3.1. Potential sources of CAF:

3.1.1. Mesenchymal stem cells:

Several studies have demonstrated that CAF may be derived from multiple cell types. In an in vivo model of PCa, using human and mouse cells, it was shown that, mesenchymal stem cells (MSC) are recruited from other organs by the primary tumor (Fig. 1B). This process uses CXCL16-CXCR6 mediated chemotaxis followed by conversion into CAF and secretion of high levels of stromal-derived factor (SDF-1/CXCL12)33. TGFβ can also act as chemoattractant for MSC to the tumor site34. MSC that acquire CAF-like phenotype express α-SMA, FAP, PDGFRβ and vascular endothelial growth factor receptor 2 (VEGFR-2)34. In another study, human bone marrow-derived embryonic stem cells exposed to tumor-conditioned medium from breast cancer cells exhibited higher expression of α-SMA, vimentin, and FSP-1, along with sustained expression of SDF-1, suggesting the acquisition of CAF characteristics. When these activated MSC were xenografted with cancer cells, they were shown to promote tumor growth in nude mice35.

3.1.2. Adipose tissue:

Adipose tissues can be a source for adipose- or stromal- stem cells that may be incorporated into the CAF populations in different tumors3639. As tumors breach the prostatic capsule the major adipose depot, they will encounter is the adjacent peri-prostatic fat. Extracapsular invasion of PCa tumors into the peri-prostatic fat increases the clinical stage and is associated with post-interventional recurrence40. The interaction of cancer cells with the stromal components of the peri-prostatic fat could provide a favorable niche to further stimulate tumor progression. A recent study showed increased reactive oxygen species (ROS) in PCa cells exposed to free fatty acids. High levels of NOX5 with further activation of the HIF1/MMP14 pathway stimulated PCa invasion in an obesogenic environment41.

3.1.3. Endothelial cells:

TGFβ-induced endothelial cells from lung and heart undergo endothelial to mesenchymal transition (EndMT) acquiring an spindle-shaped morphology similar to fibroblasts with an increase in FSP-1 expression, providing another source of CAF42,43. An investigation of whether prostate endothelial cells can also undergo EndMT and differentiate into a CAF-like phenotype is warranted. In addition to these cells, local or resident fibroblasts likely acquire characteristics of CAF during the course of carcinogenesis44,45.

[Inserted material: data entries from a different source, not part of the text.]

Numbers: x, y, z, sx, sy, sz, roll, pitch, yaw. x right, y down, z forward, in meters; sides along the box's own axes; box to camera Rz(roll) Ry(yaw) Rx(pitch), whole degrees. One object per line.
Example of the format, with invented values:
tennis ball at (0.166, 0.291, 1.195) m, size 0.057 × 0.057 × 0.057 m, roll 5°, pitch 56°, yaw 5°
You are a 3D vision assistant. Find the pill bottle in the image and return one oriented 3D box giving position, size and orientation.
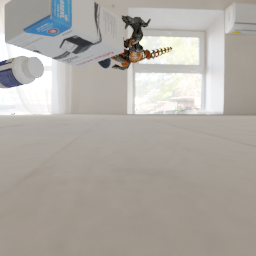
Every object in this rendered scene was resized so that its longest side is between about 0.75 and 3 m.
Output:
pill bottle at (-3.536, -1.806, 8.991) m, size 1.663 × 0.923 × 0.923 m, roll -5°, pitch 1°, yaw 28°

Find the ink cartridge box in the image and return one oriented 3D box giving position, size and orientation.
ink cartridge box at (-1.518, -2.462, 7.064) m, size 1.774 × 1.024 × 2.445 m, roll -9°, pitch -10°, yaw 35°

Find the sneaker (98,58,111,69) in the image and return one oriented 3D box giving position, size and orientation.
sneaker at (-1.220, -3.215, 12.024) m, size 0.789 × 2.076 × 1.500 m, roll -8°, pitch 41°, yaw 7°

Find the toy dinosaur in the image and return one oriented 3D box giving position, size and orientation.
toy dinosaur at (0.145, -2.966, 9.972) m, size 2.679 × 1.819 × 1.369 m, roll -3°, pitch 19°, yaw -24°

3.1.4. Senescent fibroblasts:

There is growing evidence indicating that senescent stromal cells including fibroblasts play a role in age-related cancers such as PCa46. Shorter telomere length in prostate stromal cells was reported in a prospective study conducted in 596 surgically treated men for localized PCa47. This reduction in telomere length in normal stromal cells was further shown to be associated with increased PCa risk in the prostate cancer prevention trial (PCPT)48. Senescent prostate fibroblasts have been shown to promote proliferation of prostate epithelial cells both in co-culture and through secretion of paracrine factors49. Hypoxia-induced senescent prostate fibroblasts were shown to display CAF characteristics such as increased collagen production and α-SMA50. These senescent fibroblasts can induce epithelial to mesenchymal transition (EMT) in prostate cancer epithelial cells, support tumor angiogenesis; and recruit endothelial precursor cells, implicating a role in tumorigenesis. Whether mesenchymal cells become senescent prior to arrival or after recruited to the TME to participate as a subpopulation in the stroma of PCa; are important questions that needs to be addressed with functional studies.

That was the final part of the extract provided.